信じてる、信じてる、信じてる? 前編
その4
信じてる、信じてる、信じてる?
土田雄平と水島麻里との邂逅は突然だった。
だが、人の出会いに突然でない事なんてそもそもないだろうし、その突然という言葉だって必然という言葉に置き換える事など容易だ。
そういう意味でも意味でなくとも。
この戦いにおいてではななく日常生活においてでも、出会いとは何らかの意味がある気がする。
それは時に挫折であったり、時に成長するきっかけであったりする。
出会いとはそういう物で、深い浅いは関係なく、人との関係っていうのはそういうものであるべきだと俺は思う。
だから出会いという物に良い悪いも無いし、喜ぼうが辛酸を嘗めようがそれは等しい価値があるべきだと思う。
それでも。
それでも、だ。
やはりこの二人の出会いに関して言えばやはり俺にとってもあさぎにとっても残酷なまでに重要だったと思う。
僕があの人と出会った事が良いきっかけであったように。
特に水島麻理に関しては、あさぎはここで出あっていた事がとても良かったのだと思う。
この二人に出会ったのはあさぎと出会って二日目、レベル上げの最中だった。
何でも俺と会う前にあさぎに協力してくれた二人が暢気にも旅行に行っているので会わせる事ができないというのだ。
暢気とも思うけれど、それは当然のような気もしないでもない。
死と隣会わせの戦いに身を投じるのだから、せめて悔いの無いように生きて、楽しみたいという気持ちはわかる。
わからないのは何でもその二人はお互いをパートナーと認識した時点で。
というか、認識する以前の問題で一目で恋に落ちて、そのまま結婚してしまったそうなのだ。
ロマン溢れる話ですね。
溢れすぎてロマンがダラダラとロマンどんぶりからコボレている気がするぜ。
自分の事に置き換えても、意味不明で理解不能な行動だ。
だって、この戦いの時点で混乱してるのに。そこで出会って直ぐに結婚を決めるか普通?
何でもお互いに声をそろえて「二重の運命を感じた」だそうだ。
馬鹿だ。
あさぎが馬鹿なのは知っているし、この馬鹿が一人で俺に出会うまで戦えてきたとは思えない。
いや、そこは思えてしまうのだ。
あさぎは強かった。
ステータスばかりに気をとられていたけど、戦うのはあくまで本人なのだから本人の格闘能力が大きな戦力となるのだ。

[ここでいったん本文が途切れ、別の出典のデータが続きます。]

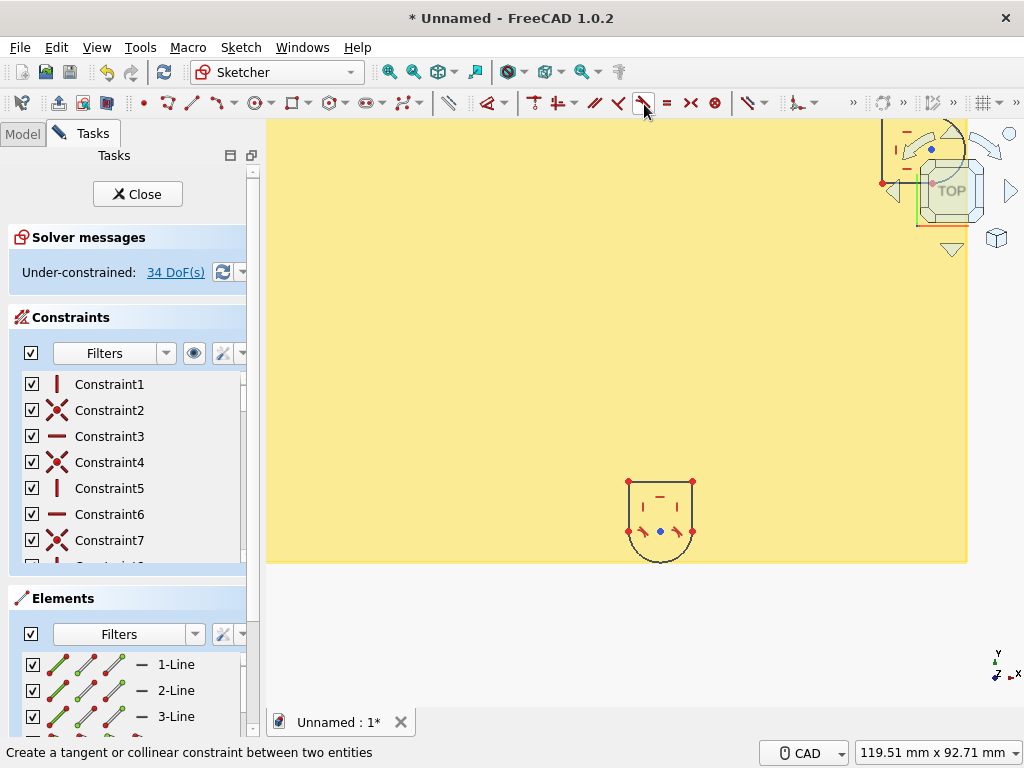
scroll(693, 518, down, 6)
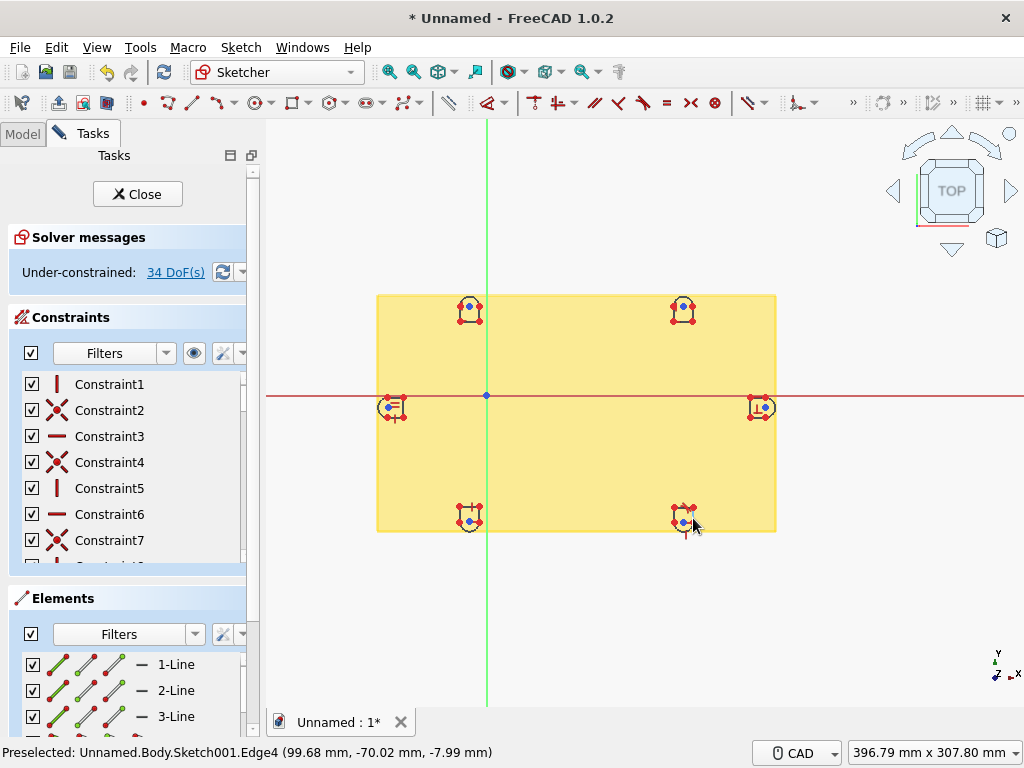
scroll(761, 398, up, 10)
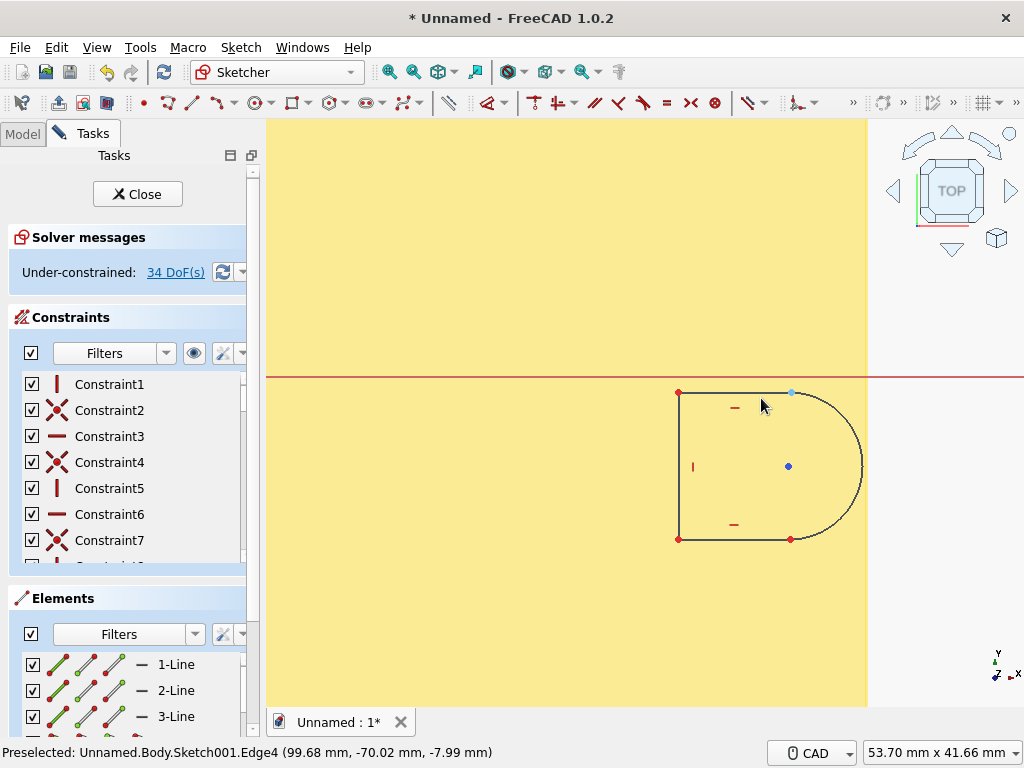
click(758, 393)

少なくてもハイキックっていうものを生で見たのは初めてだったし、威力の補正があるとはいえ人が蹴るという行為がここまで大きな音をあげるものだと想像さえしていなかった。
ロングスカートで良くもまぁ器用にできると感心したが、あさぎが言うには蹴るには確かに邪魔にはなるけど、ここまで長ければ袴と同じで足運びに問題は無いらしい。

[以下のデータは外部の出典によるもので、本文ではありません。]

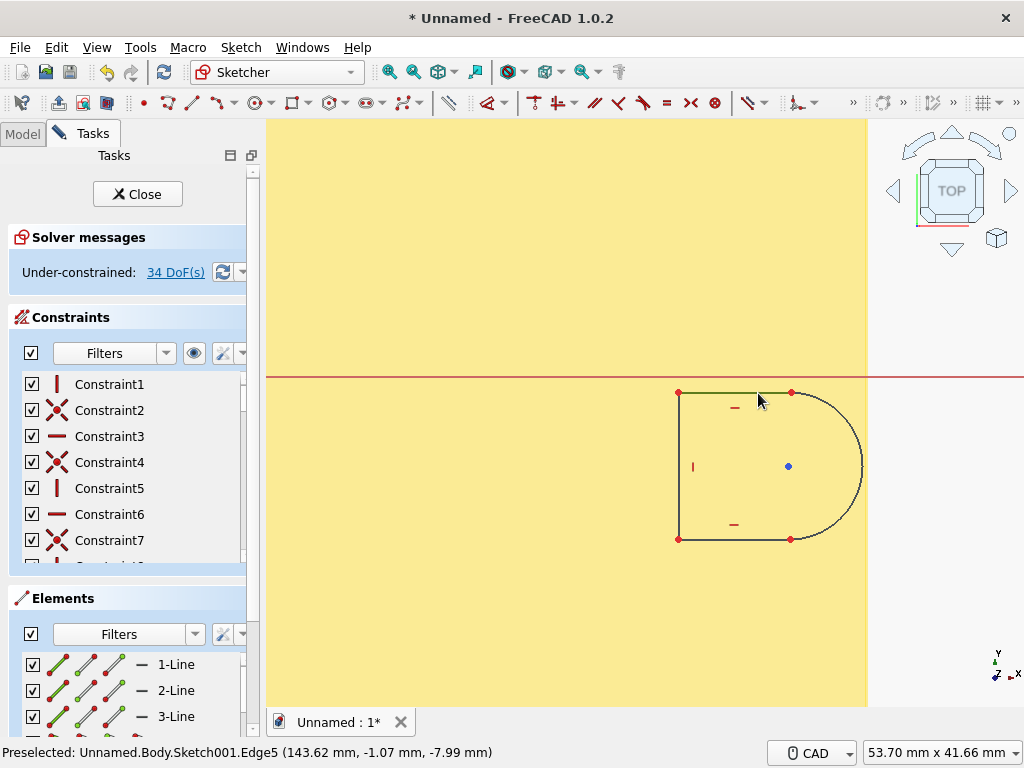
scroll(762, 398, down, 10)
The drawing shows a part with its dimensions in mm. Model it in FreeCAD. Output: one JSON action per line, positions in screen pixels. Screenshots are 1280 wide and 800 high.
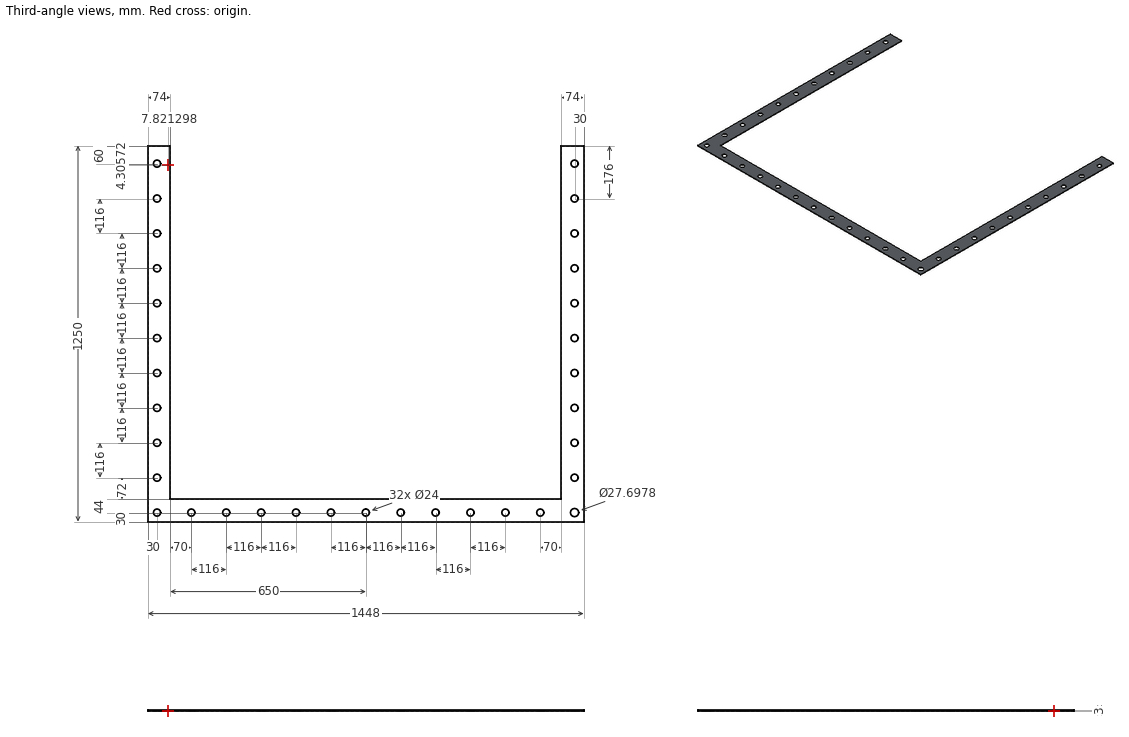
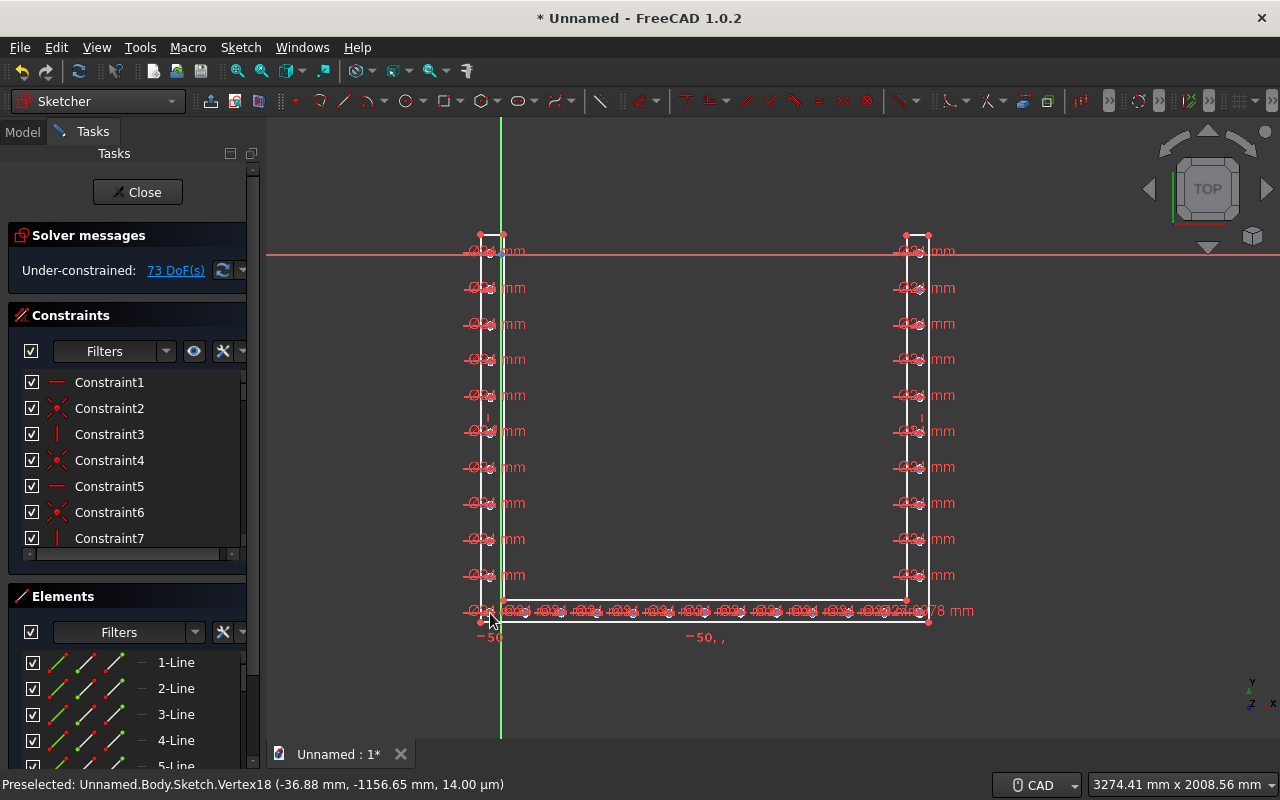
{"action": "left_click", "coordinate": [490, 577]}

中途半端なミニスカートよりも動きやすいし、戦いやすいという事だった。
あと、ミニスカートだとパンツが見えちゃうからと恥らんでいた。
ここまで萌えない女子の恥じらいもまた俺にとっては初めてだった。
ご褒美がご褒美になってない。
それに世の中に嬉しくないパンチラがあるとは伝え聞いてはいたけれど、まさか実体験する事になるとは考えもつかなかった。
そういうのは都市伝説の類だと思っていたのだが。
せっかくの機会だ、ここは冷静に考えてみよう。
防人あさぎという女性をあくまで外見的に見るなら、あくまで俺の好みという狭いカテゴリの中での評価にはなるが決して悪くはない。

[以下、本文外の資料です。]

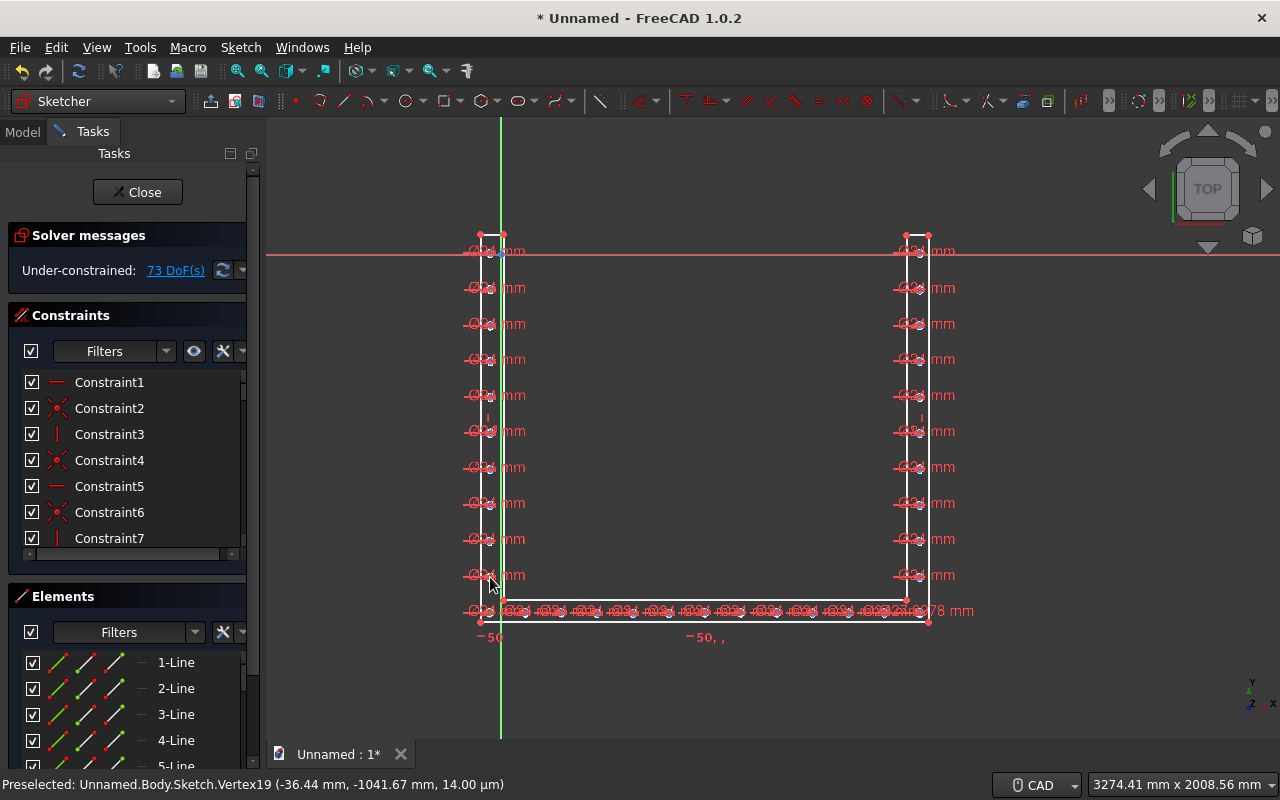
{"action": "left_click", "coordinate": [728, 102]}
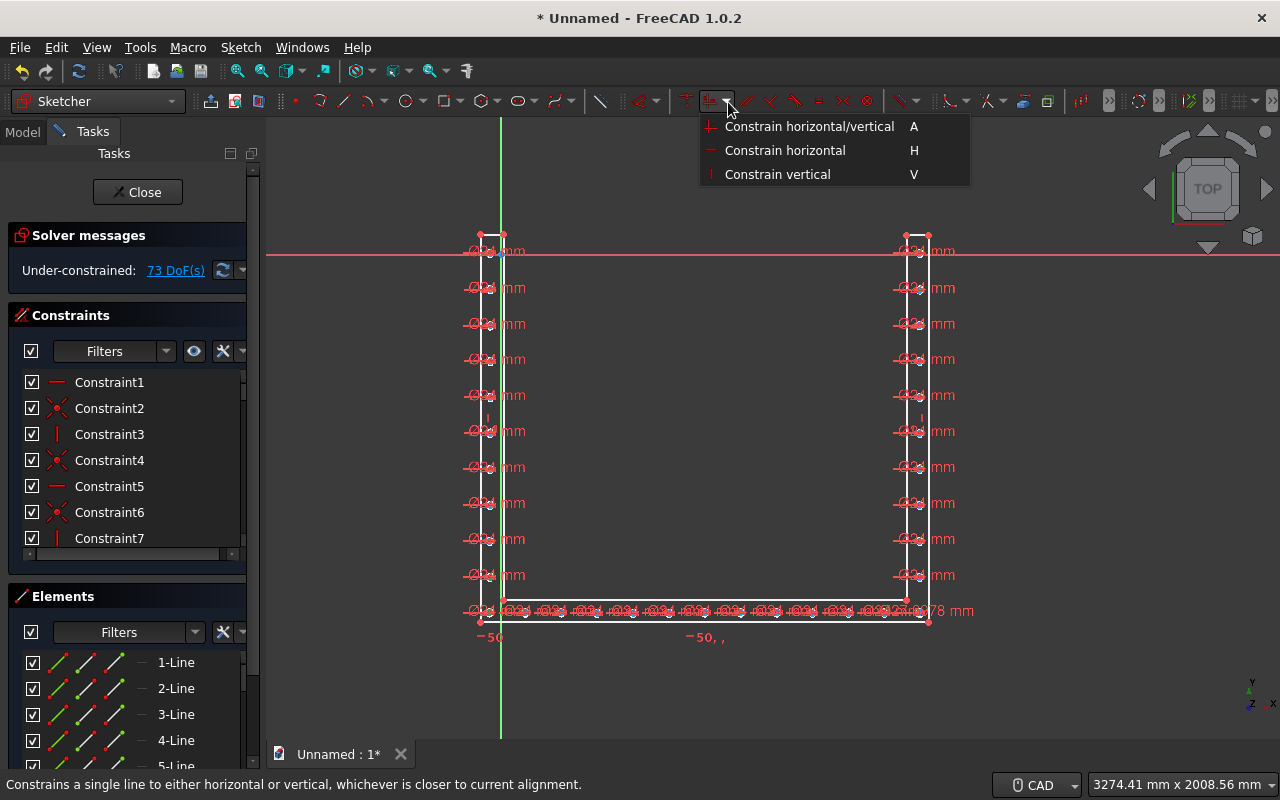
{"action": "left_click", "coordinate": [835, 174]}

防人あさぎという人間と、何の関係も無いという状態でお互いが通行人Aという認識で道ばたですれ違う際に、例えばいたずらな風があさぎのスカートをめくったりするとか。
いや、そこまで露骨な萌え展開でなくても日常的に起こりうるケースを取り上げてみよう。
あさぎが上、俺が下という配置で階段を上っている時に、俺が何となく、悪意など入る余地もなく、自然に首をあげた時にチラリと見えたとしたならば。
俺は紳士的に、男の子として当然に、心の中でガッツポーズを取るだろう。
だというのに、どういうわけかその人を知ってしまうとそのような当然の思いが無くなってしまうのだ。
平坦で平凡という名の無間地獄の中において、一服の清涼剤たるご褒美が意味を持たなくなるのだ。
相手を知れば知るほどわからない部分が出てくる、相手を理解すればするほど自分の素直な感情が失われていく。
相手を想えばおもうほど、失われる感情がある。
自分が、殺されていく。
不思議である。
不可思議である。
人間の関係というものを考えてしまうと、やはり一筋縄ではいかない。
自分でも答えを出せない疑問なのだから、相手の持つ疑問などはやはり理解などできないだろう。
というか話を戻そう。
パンチラの話はさておいて、パンチラの話をした直後にこんな表現を使うのは非常に気が引けるのだが。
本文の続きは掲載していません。